Jadi, bagaimana kita bisa menguji semua ini lebih lanjut? Jika dinamika informasi benar, informasi seharusnya mempunyai massa, sehingga memungkinkannya berinteraksi dengan hal lain. Ada petunjuk bahwa hal ini mungkin terjadi, seperti menghapus informasi secara permanen tampaknya menghilangkan panas, menurut sebuah penelitian. Studi dilakukan pada tahun 2012. Bagi Hobson, hal ini menunjukkan bahwa energi ini harus disimpan sebagai massa sebelum dihapus, menjadikan informasi a Keadaan materi yang terpisah Setara dengan massa dan energi.

Membuktikan atau menyangkal bahwa informasi mempunyai massa mungkin tidak terlalu sulit secara eksperimental. Satu eksperimen sederhana adalah Pengukuran massa Hard drive sebelum dan sesudah informasi terhapus secara permanen. Sayangnya, hal ini berada di luar kemampuan kami mengingat kecilnya jumlah perubahan yang diharapkan.

Namun menurut Fopson, jika teori ini benar, partikel elementer kemungkinan besar akan membawa informasi tentang dirinya. Misalnya, membiarkan sebuah elektron (atau mungkin satu-satunya elektron di alam semesta) mengetahui sifat-sifatnya, seperti muatan dan putarannya. Salah satu eksperimen yang diusulkan adalah mengirimkan partikel dan antipartikel satu sama lain dengan kecepatan tinggi.

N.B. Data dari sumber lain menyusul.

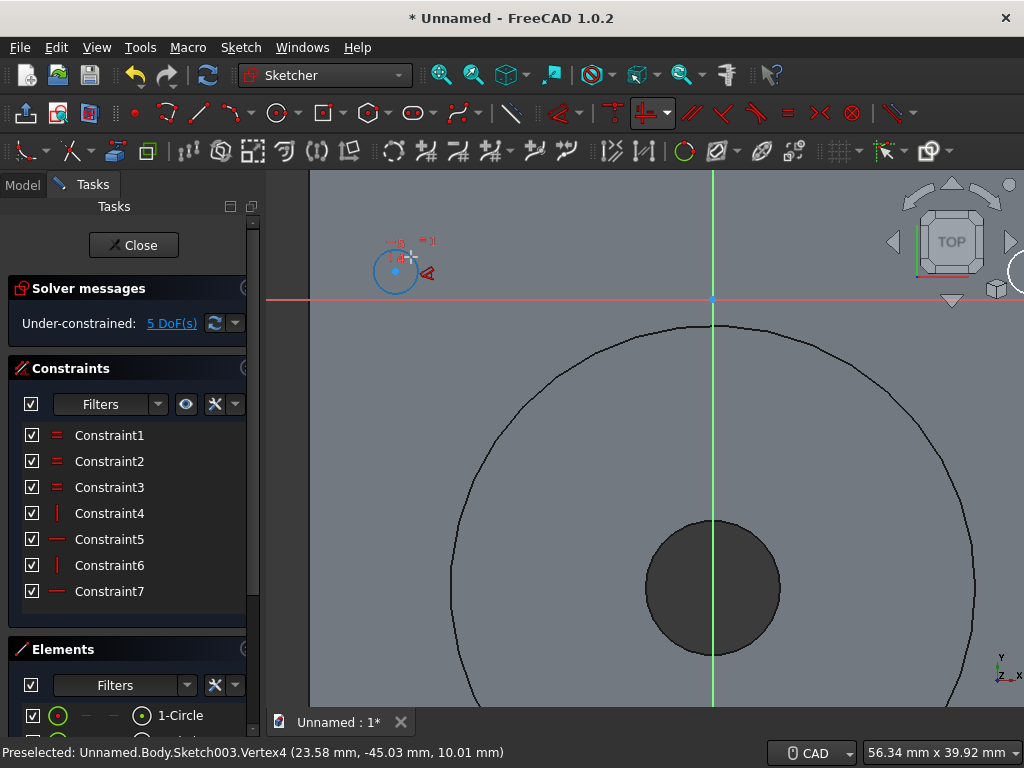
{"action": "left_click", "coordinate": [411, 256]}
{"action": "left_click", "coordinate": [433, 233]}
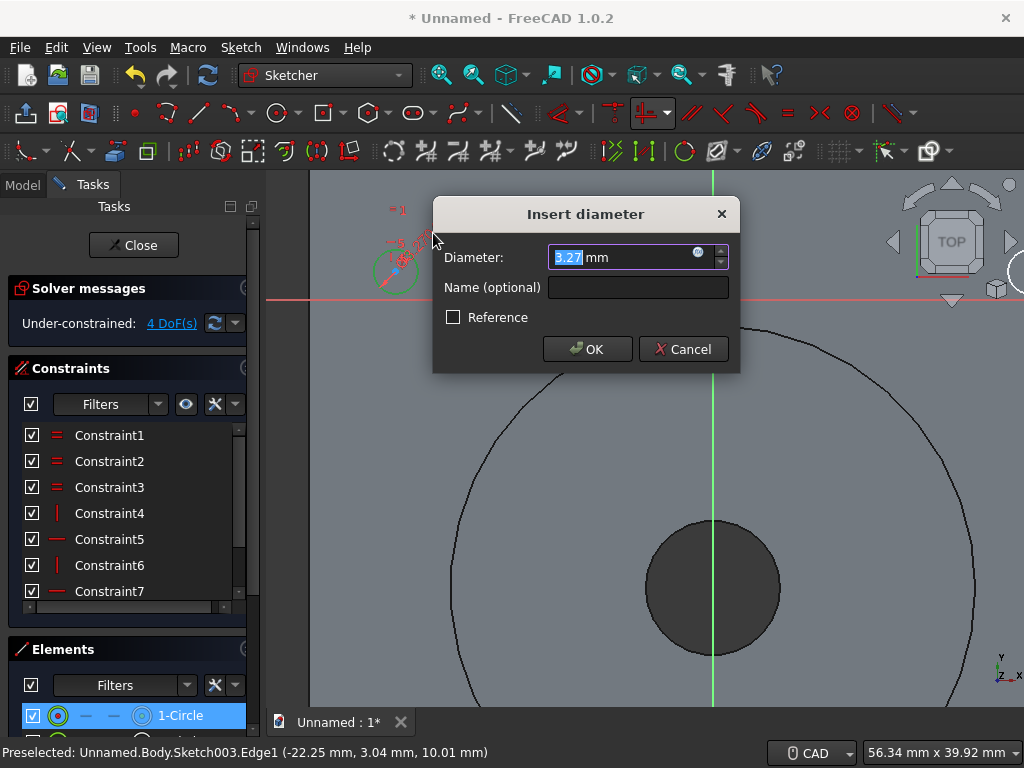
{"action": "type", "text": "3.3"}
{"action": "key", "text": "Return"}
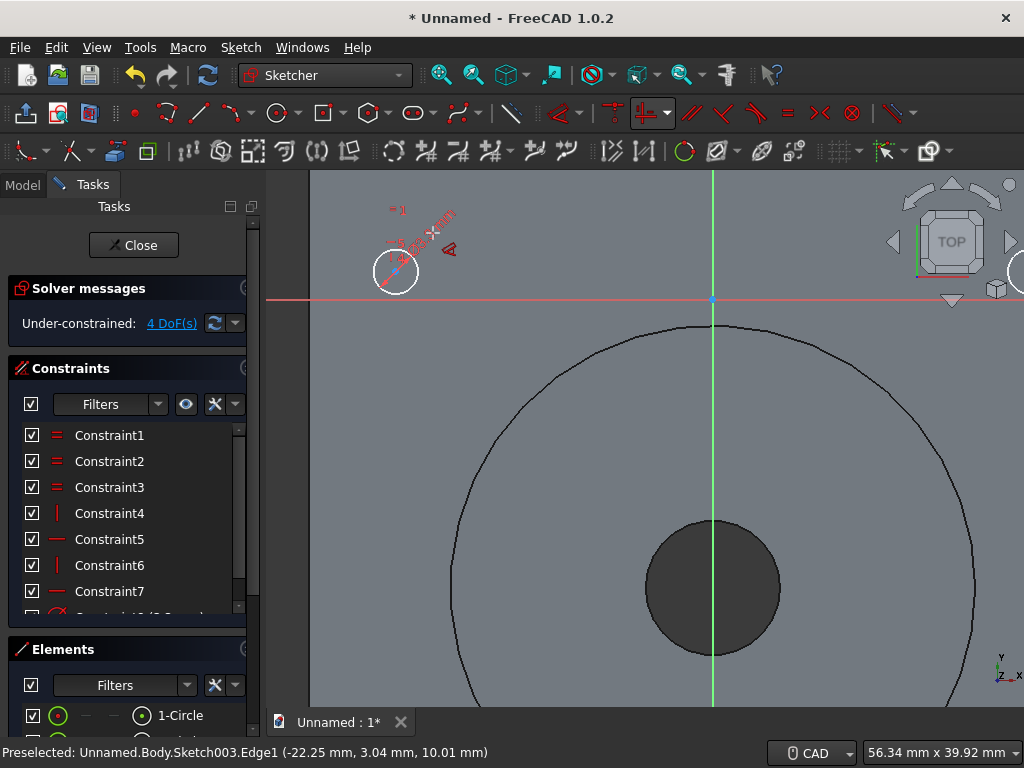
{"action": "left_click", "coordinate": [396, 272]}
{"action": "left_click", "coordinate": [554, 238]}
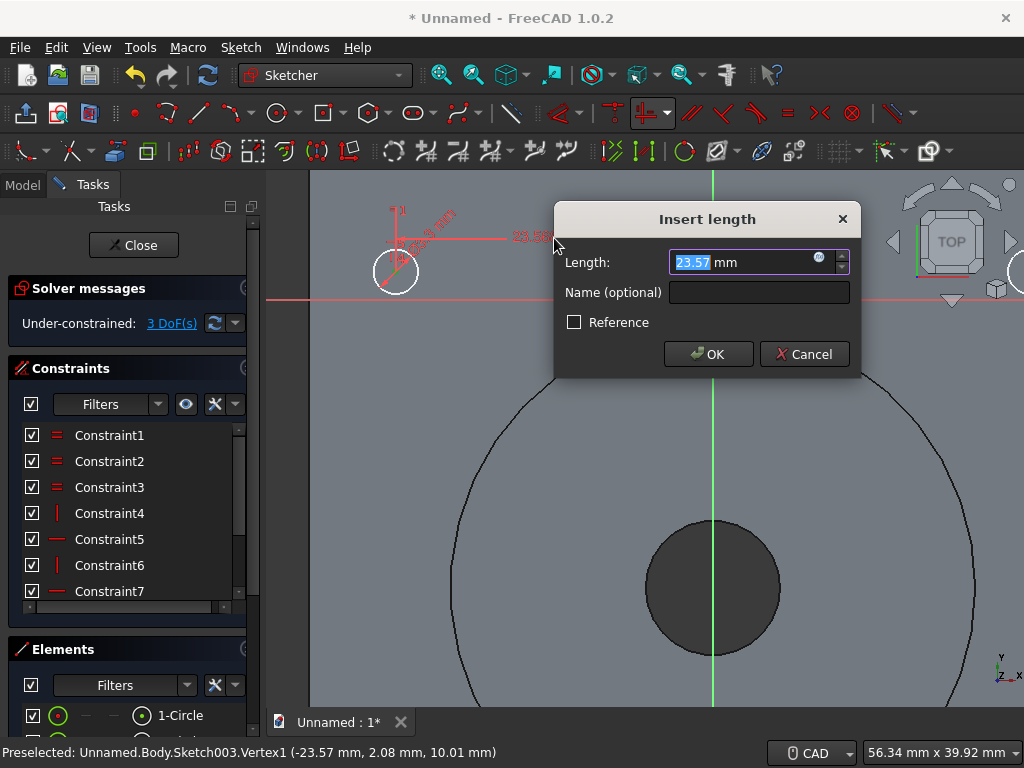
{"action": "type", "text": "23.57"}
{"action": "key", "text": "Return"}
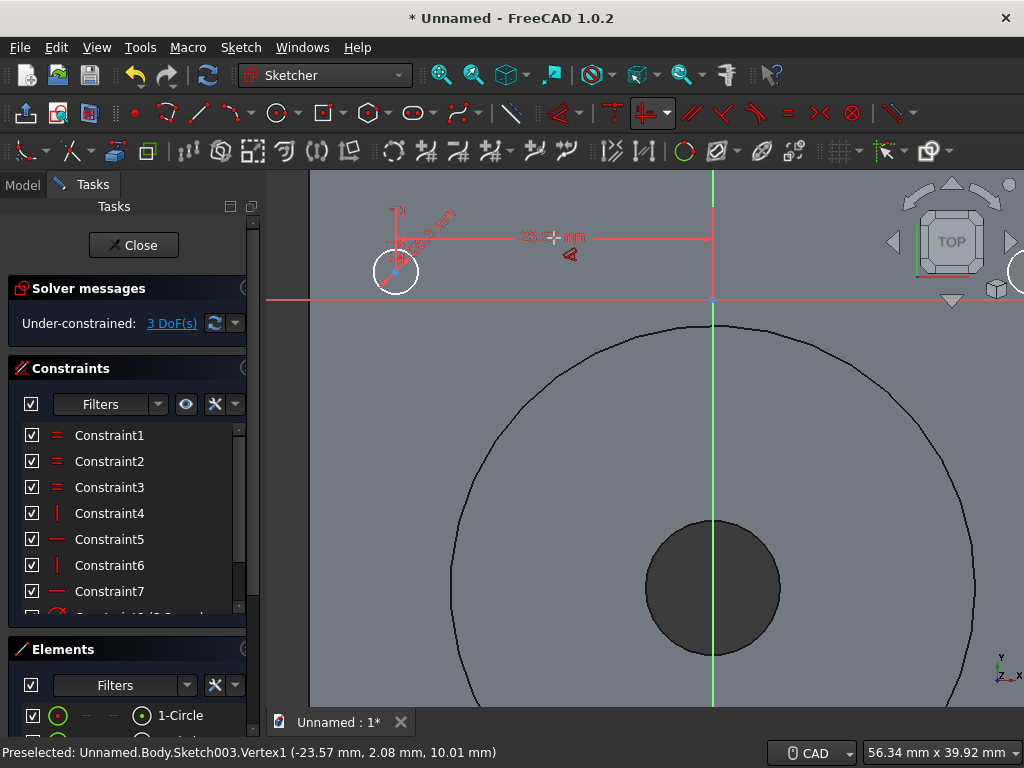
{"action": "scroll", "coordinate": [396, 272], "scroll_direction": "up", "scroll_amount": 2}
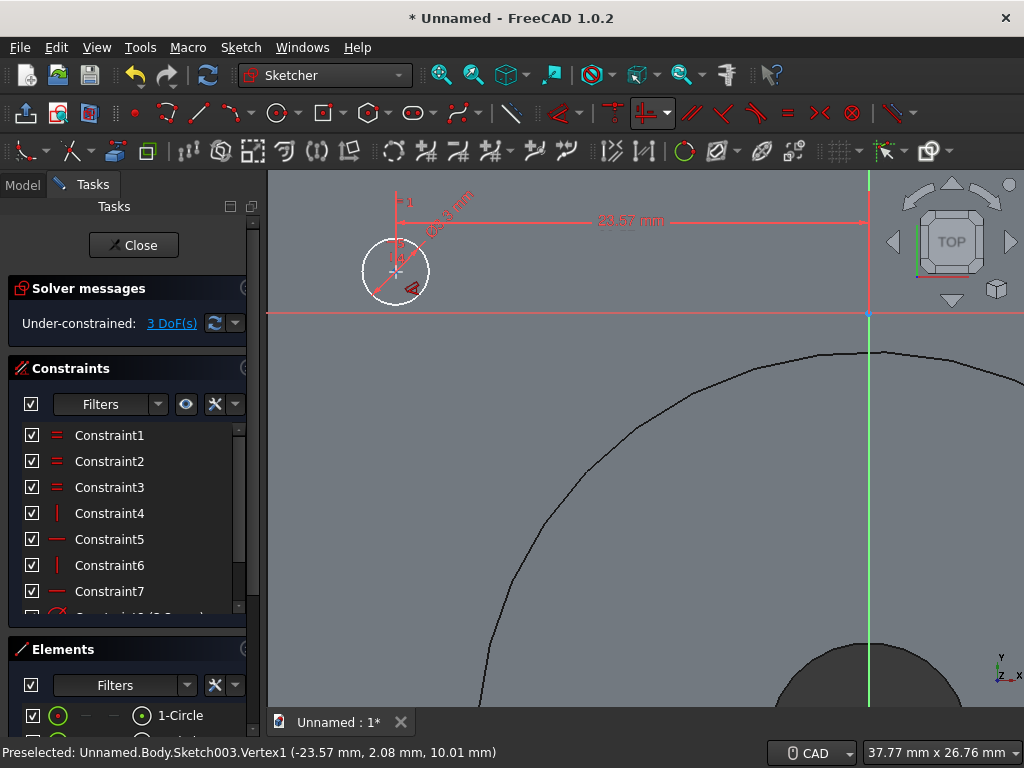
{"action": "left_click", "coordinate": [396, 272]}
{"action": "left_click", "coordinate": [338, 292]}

“Eksperimen ini melibatkan penghapusan informasi yang terkandung dalam partikel elementer dengan membiarkan partikel tersebut dan antipartikelnya (semua partikel memiliki versi 'anti' yang identik tetapi dengan muatan berlawanan) untuk musnah dalam sekejap energi – memancarkan 'foton' atau partikel. cahaya.'” Fobson menambahkan. “Memprediksi kisaran pasti frekuensi yang diharapkan dari foton yang dihasilkan berdasarkan informasi fisika.”

Meskipun idenya di luar mainstream, pengalamannya relatif murah $180.000 (Sama sekali tidak ada artinya bagi ahli teori simulasi seperti Elon Musk), dan dapat diuji menggunakan teknologi terkini. Tentu saja, hal ini mungkin memberi tahu kita bahwa gagasan tersebut salah, namun sepertinya gagasan tersebut menarik untuk dipertimbangkan dan dikesampingkan, atau melihat apakah gagasan tersebut mempunyai bobot (atau, lebih tepatnya, massa).